Он искоса взглянул на меня злыми красными глазами и усмехнулся.
- Право же, мистер Копперфилд... вы так искусны, что вытягиваете из меня все, как пробочником! Ну, что ж! Не буду от вас скрывать, - тут он положил свою руку, влажную и скользкую, как рыба, на мою, - я, в общем, не дамский угодник, сэр, и никогда не угождал миссис Стронг.
Хитро и гнусно он посмотрел на меня, и теперь глаза его казались зелеными.
- Что вы хотите сказать? - спросил я.
- Хоть я и юрист, мистер Копперфилд, но я хочу сказать только то, что сказал, - ответил он, язвительно ухмыляясь.
- А что означает этот ваш взгляд? - спокойно спросил я.
- Мой взгляд? Боже мой, Копперфилд, как вы проницательны! Что означает мой взгляд?
- Вот именно, ваш взгляд.
Казалось, это его очень позабавило, и он искренне рассмеялся насколько вообще он мог искренне смеяться. Поскребши рукой подбородок, он продолжал, опустив глаза, - очень медленно и не отнимая руки от подбородка:
- Когда я еще был смиренным, ничтожным клерком, она всегда смотрела на меня сверху вниз. Она всегда хотела привлечь в свой дом мою Агнес, а к вам, мистер Копперфилд, всегда была дружески расположена. Меня же она не замечала, я был слишком ничтожен для нее...

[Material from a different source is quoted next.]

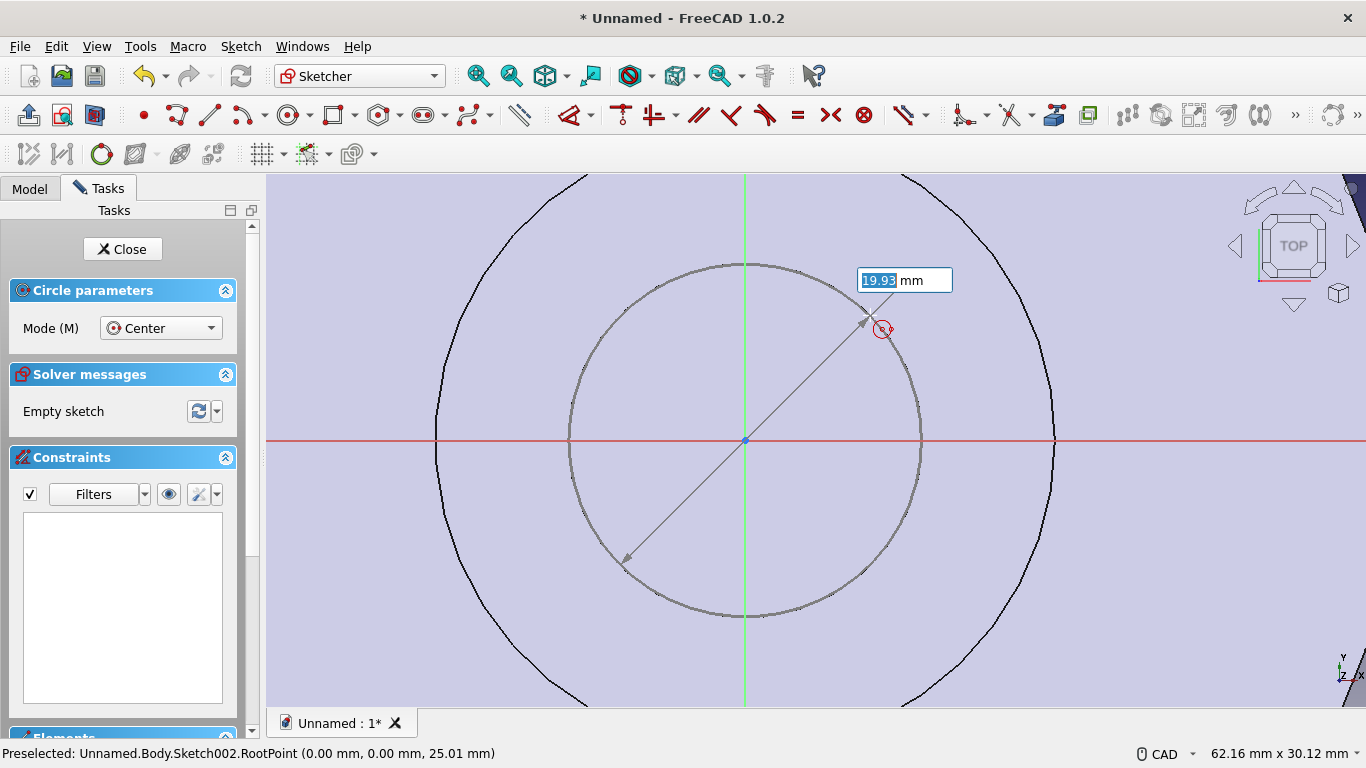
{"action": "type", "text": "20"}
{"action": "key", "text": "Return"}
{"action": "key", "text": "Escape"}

- Предположим, что это так. Дальше? - сказал я.
- И для него также, - раздельно продолжал Урия, о чем-то размышляя и все еще поскребывая подбородок.
- Неужели вы не знаете доктора и полагаете, что он помнит о вашем существовании, если вас нет перед его глазами? - спросил я.
Снова он посмотрел на меня искоса, втянул щеки, чтобы удобней было скрести подбородок, и ответил.
- О! Я говорю не о докторе. О нет! Не об этом бедняге. Я имею в виду мистера Мелдона.
Сердце у меня замерло. Все прежние мои сомнения н подозрения, думы о мирной, счастливой жизни доктора, размышления о невинности и предосудительном поведении, клубок которых я не мог распутать, нахлынули на меня по милости этого кривляющегося субъекта.
- Когда он появлялся у нас в конторе, он всегда приказывал мне выйти, сказал Урия. - Вот он каков, этот безупречный джентльмен! А я был очень покорным и смиренным. Таков я и теперь. Но мне это было не по вкусу и теперь не по вкусу!
Он перестал скрести подбородок, не переставая искоса глядеть на меня, и втянул щеки так, что казалось, они должны были соприкоснуться во рту.